False-positive safety/AUP interruptions during legitimate trading-app development (testnet, own project)
Description
During an extended Claude Code session developing a personal algorithmic-trading application against the Hyperliquid testnet (own project, own infrastructure, mock funds), the session was repeatedly paused by what appears to be a safety/AUP classifier false positive. The triggering turns contained only routine software engineering: TypeScript refactoring of a strategy-parameter registry, Postgres migrations, and vitest test updates.

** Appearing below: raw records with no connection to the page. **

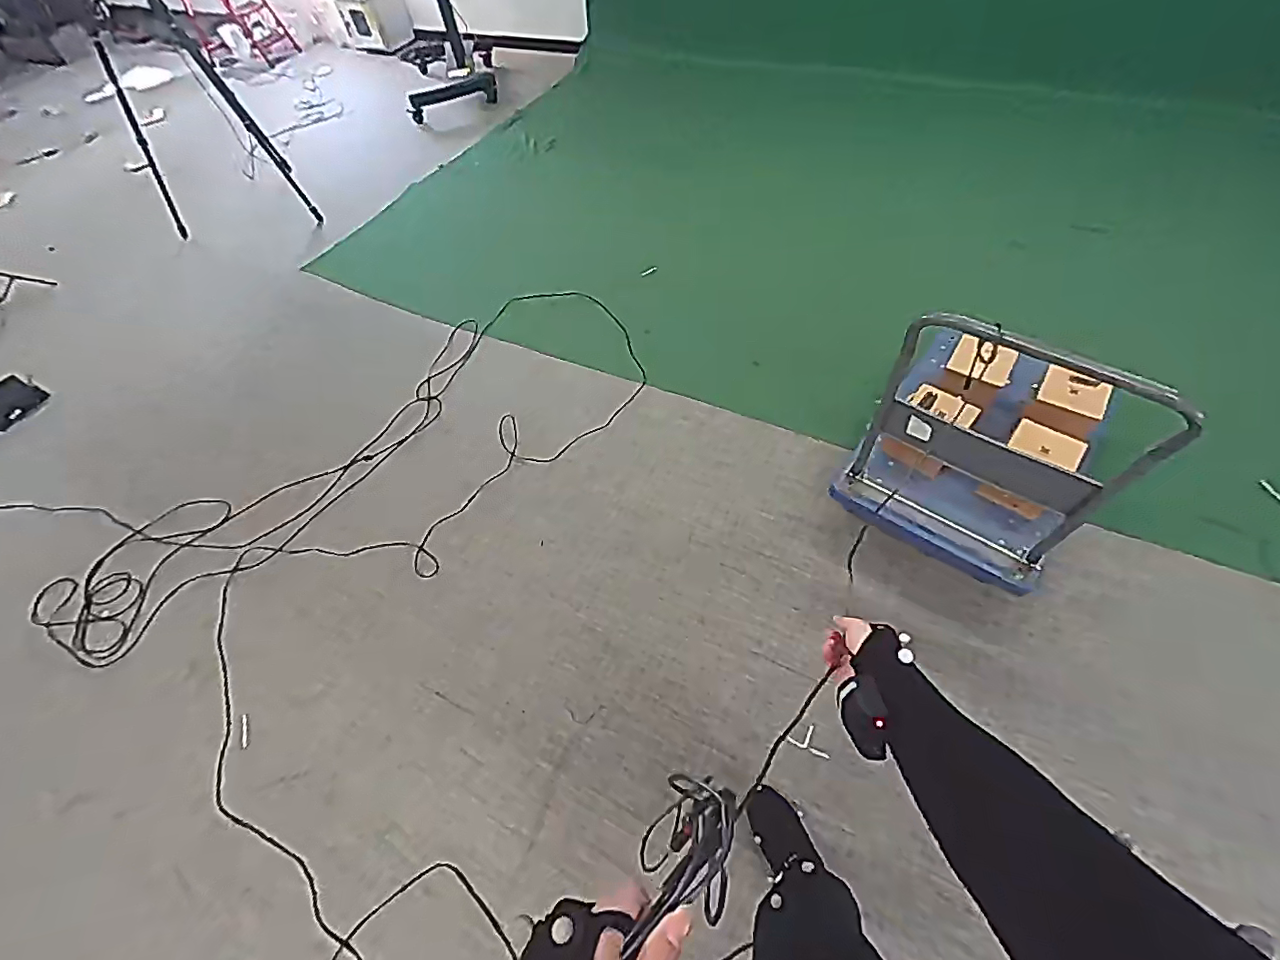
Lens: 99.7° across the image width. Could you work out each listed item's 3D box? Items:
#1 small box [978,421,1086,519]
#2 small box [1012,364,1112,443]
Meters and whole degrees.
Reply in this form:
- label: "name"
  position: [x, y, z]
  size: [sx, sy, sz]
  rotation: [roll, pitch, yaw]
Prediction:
- label: "small box"
  position: [1.084, -0.026, 1.509]
  size: [0.168, 0.176, 0.179]
  rotation: [32, 65, 25]
- label: "small box"
  position: [1.253, -0.208, 1.616]
  size: [0.168, 0.176, 0.179]
  rotation: [28, 63, 24]
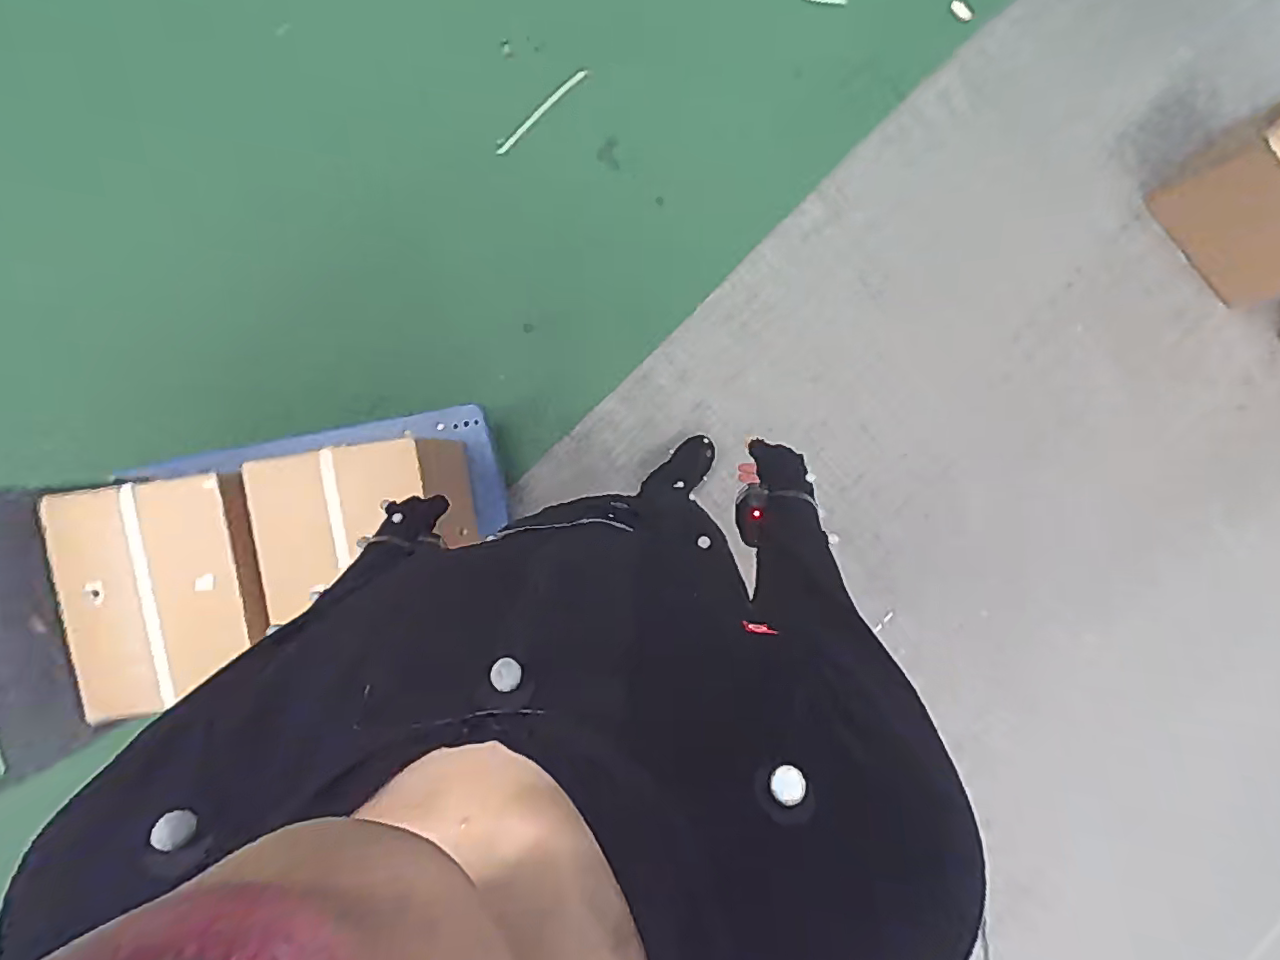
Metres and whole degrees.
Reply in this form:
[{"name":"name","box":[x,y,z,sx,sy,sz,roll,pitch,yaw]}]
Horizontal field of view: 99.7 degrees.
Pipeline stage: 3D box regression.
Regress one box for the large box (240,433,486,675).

Context that likely confuses the classifier
The legitimate vocabulary of this domain overlaps with sensitive-looking patterns: "wallet", "private key", "signer", "order placement", "kill switch", "exchange API". All usage is the operator's own testnet tooling with explicit safety guardrails (testnet-pinned transports, per-order caps, audited kill switch) documented in the project's CLAUDE.md.
Impact
- Multi-hour productive sessions interrupted mid-edit; operator reports this has recurred across sessions and prior bug reports.
- The interruption lands on innocuous turns (e.g. a TypeScript type-resolution diagnostic), making it impossible to phrase around.
Expected
Domain vocabulary for fintech/trading development on a user's own project should not trip session-level enforcement, especially when the project context (testnet-only guardrails) is visible in project instructions.
Repro
No minimal repro available (classifier-side); happy to provide session IDs privately. Operator has filed prior reports through in-product feedback.